Wei Yang and Kit-Chun Joanna Lam

This paper deals with a topic in business ethics that has been significantly under-studied. The central problem is the economic, social and ethical implications of the massive amount of foreign exchange reserves held in China. Several factors are mentioned that tend to appreciate the value of Renminbi (RMB), e.g., the growth of the Chinese economy, the increases in balance of payments surpluses and the differences in the economies of China, the European Union and the USA. The continued appreciation of the RMB will lead to a decrease in the value of foreign exchange reserves, mostly resulting from depreciation of the US dollar. In turn, this value reduction in reserves will lead to “a massive opportunity cost for China as these funds can be used to support education and improve health care of the poor”. Appreciation of the RMB will “increase the international price of China’s export”, reducing market share and profits, especially on labor intensive industries. “The lower profit and even bankruptcy will cause companies to reduce production and employment, resulting in an increase in unemployment of low-skilled workers.” As the RMB increases, more foreign capital will flow into China, leading to a rapid “increase in property prices” and a reduced standard of living for “common people”. In fact, “The real income of the rich actually increases more than the poor because of appreciation.”

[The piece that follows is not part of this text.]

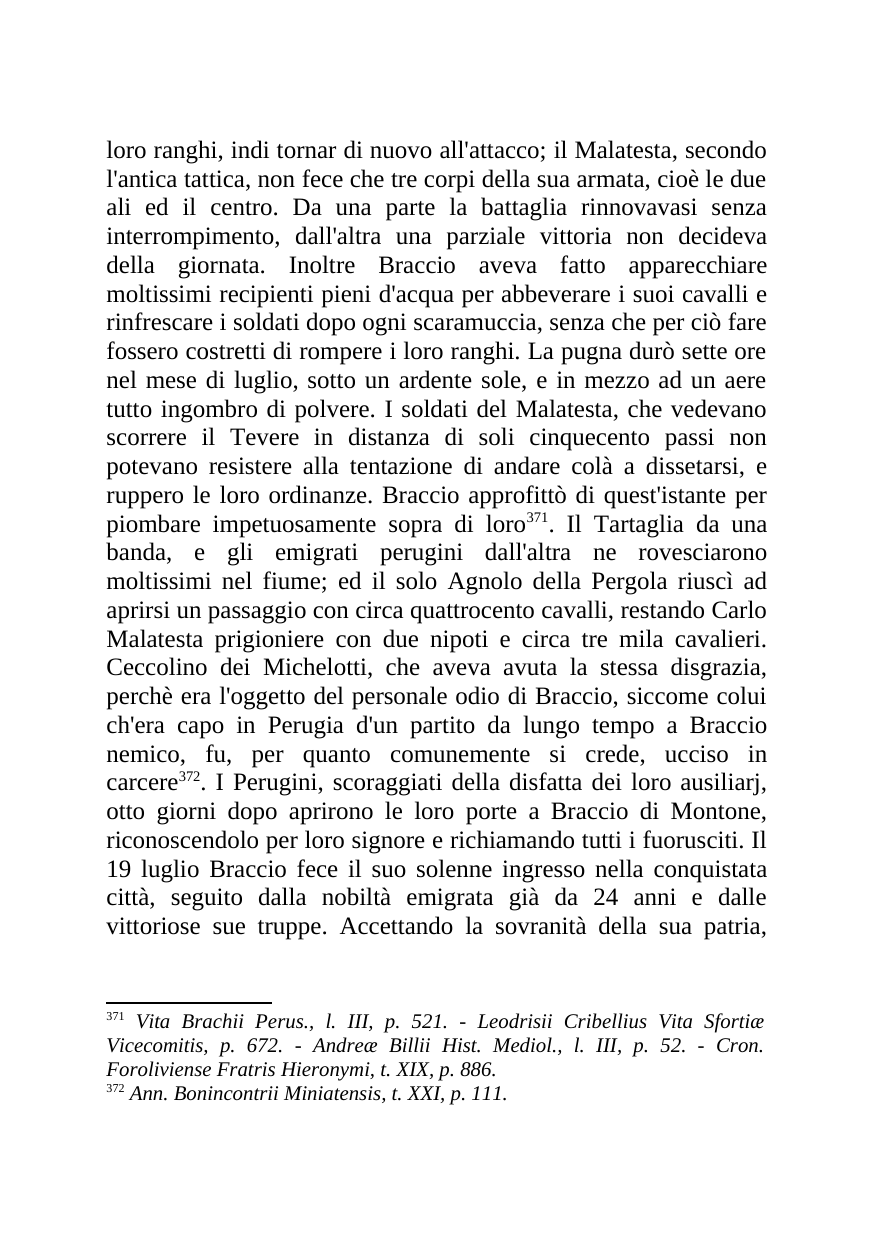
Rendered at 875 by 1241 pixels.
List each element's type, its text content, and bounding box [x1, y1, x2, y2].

text Ann. Bonincontrii Miniatensis, t. XXI, p. 111. [106, 1081, 768, 1105]
text Vita Brachii Perus., l. III, p. 521. - Leodrisii Cribellius Vita Sfortiæ Vicecomitis, p. 672. - Andreæ Billii Hist. Mediol., l. III, p. 52. - Cron. Foroliviense Fratris Hieronymi, t. XIX, p. 886. [106, 1009, 768, 1081]
text loro ranghi, indi tornar di nuovo all'attacco; il Malatesta, secondo l'antica tattica, non fece che tre corpi della sua armata, cioè le due ali ed il centro. Da una parte la battaglia rinnovavasi senza interrompimento, dall'altra una parziale vittoria non decideva della giornata. Inoltre Braccio aveva fatto apparecchiare moltissimi recipienti pieni d'acqua per abbeverare i suoi cavalli e rinfrescare i soldati dopo ogni scaramuccia, senza che per ciò fare fossero costretti di rompere i loro ranghi. La pugna durò sette ore nel mese di luglio, sotto un ardente sole, e in mezzo ad un aere tutto ingombro di polvere. I soldati del Malatesta, che vedevano scorrere il Tevere in distanza di soli cinquecento passi non potevano resistere alla tentazione di andare colà a dissetarsi, e ruppero le loro ordinanze. Braccio approfittò di quest'istante per piombare impetuosamente sopra di loro. Il Tartaglia da una banda, e gli emigrati perugini dall'altra ne rovesciarono moltissimi nel fiume; ed il solo Agnolo della Pergola riuscì ad aprirsi un passaggio con circa quattrocento cavalli, restando Carlo Malatesta prigioniere con due nipoti e circa tre mila cavalieri. Ceccolino dei Michelotti, che aveva avuta la stessa disgrazia, perchè era l'oggetto del personale odio di Braccio, siccome colui ch'era capo in Perugia d'un partito da lungo tempo a Braccio nemico, fu, per quanto comunemente si crede, ucciso in carcere. I Perugini, scoraggiati della disfatta dei loro ausiliarj, otto giorni dopo aprirono le loro porte a Braccio di Montone, riconoscendolo per loro signore e richiamando tutti i fuorusciti. Il 19 luglio Braccio fece il suo solenne ingresso nella conquistata città, seguito dalla nobiltà emigrata già da 24 anni e dalle vittoriose sue truppe. Accettando la sovranità della sua patria, [106, 135, 768, 940]

Faced with all these likely consequences, reducing the standard of living of those who are most vulnerable while those who are most powerful continue to flourish, the authors recommend policies to “alleviate the problems”, e.g., some “fiscal intervention to reduce the adverse distribution effect of the appreciation of the RMB. . .increase public construction. . .the internal market should be expanded. . .the composition of foreign exchange reserves should be re-balanced to increase the weight of other major currencies. . .use of the RMB as an international currency should be promoted”.

The authors delivered on their promise “to illustrate the inter-relationship between economics and ethics”. They made a good case for students of economics and business generally to be well-trained and sensitized to the ethical impact of economic policies. I hope that others will be provoked by the analyses in this paper to push the research frontier of inter-relationships still farther.